= Sputnik-1 EMC/EMI lab model =

Sputnik 1 EMC/EMI is a class of full-scale laboratory models of the Soviet Sputnik 1 satellite, made to test ground Electromagnetic Compatibility (EMC) and Electromagnetic Interference (EMI). The models, manufactured by OKB-1 and NII-885 (headed by Mikhail Ryazansky), were introduced on February 15, 1957.

== Sputnik 1 EMC/EMI Lab Model Number 001 ==
The first testing model Sputnik 1 EMC/EMI – Lab model 001, made on February 15, 1957, is located in Deutsches Technikmuseum Berlin, Germany. It comes from the former collections of Russian institute NII-885. The designer of Sputnik Dr. Mikhail Ryazansky was the director back then. In 2007, on the occasion of 50 years since the launch of the first artificial satellite project Sputnik 1, was this first test model exposed to the public in Deutsches Technikmuseum Berlin, Germany.

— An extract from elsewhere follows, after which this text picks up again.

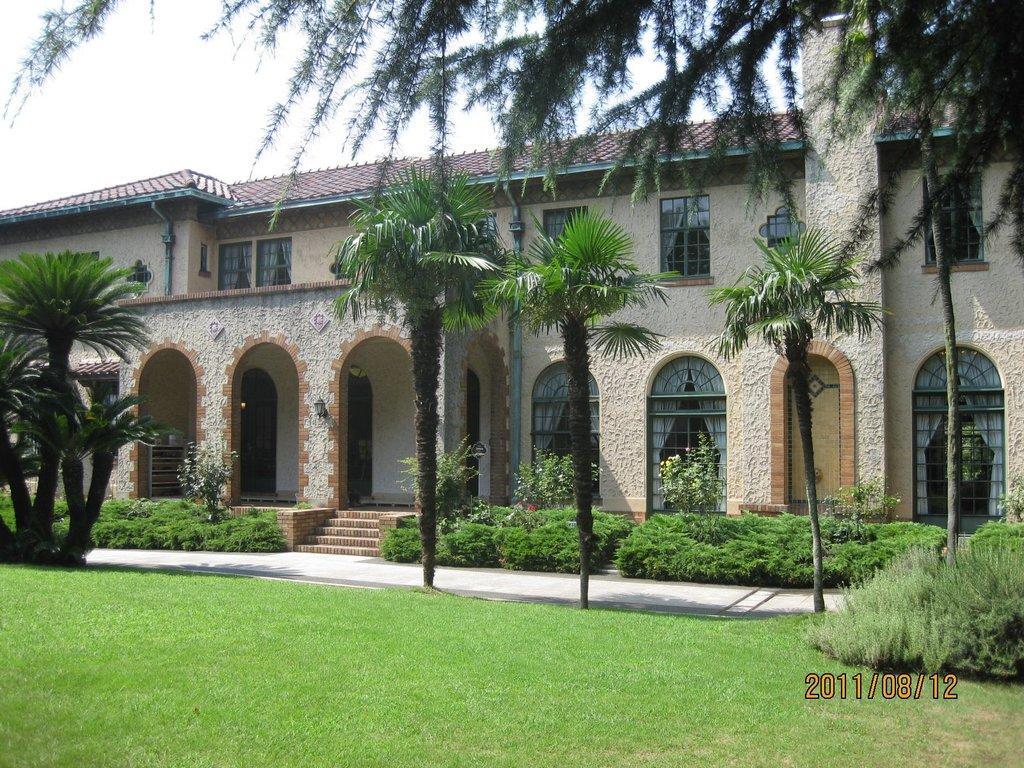Please provide a concise description of this image. In this picture we can see grass, few plants, trees and a building, and we can find few pipes on the walls, at the right bottom of the image we can see timestamp.

== Sputnik 1 EMC/EMI Lab Models Number 002 and 003 ==

- Sequence numbers of other test models Sputnik 1 EMC/EMI Lab model: 002, 003.
- Date of production: 1957.
- Producer: OKB-1 a NII-885 (the leader of the team: Dr. Mikhail Ryazansky).
- On July 20, 2016, a working Sputnik-1 EMC/EMI model, serial number 003, was sold at Bonhams in New York for US$269,000. It featured a still-operational transmitter and four antennas. Of four known Sputnik-1 test articles, this was the only one known to be functional.
- Serial numbers 002 a 003 are found in private collections, both models were auctioned off by Bonhams, New York.

== Two View Mockups Sputnik 1 ==
Apart from functional laboratory EMC/EMI models 001, 002 and 003 there are two view mockups, which do not contain any active radio or electronics.

Of four known models, two reside in private hands, one is located at the Energia Corporate Museum outside Moscow, and one, lacking internal components, is displayed at the Museum of Flight in Seattle, Washington, US.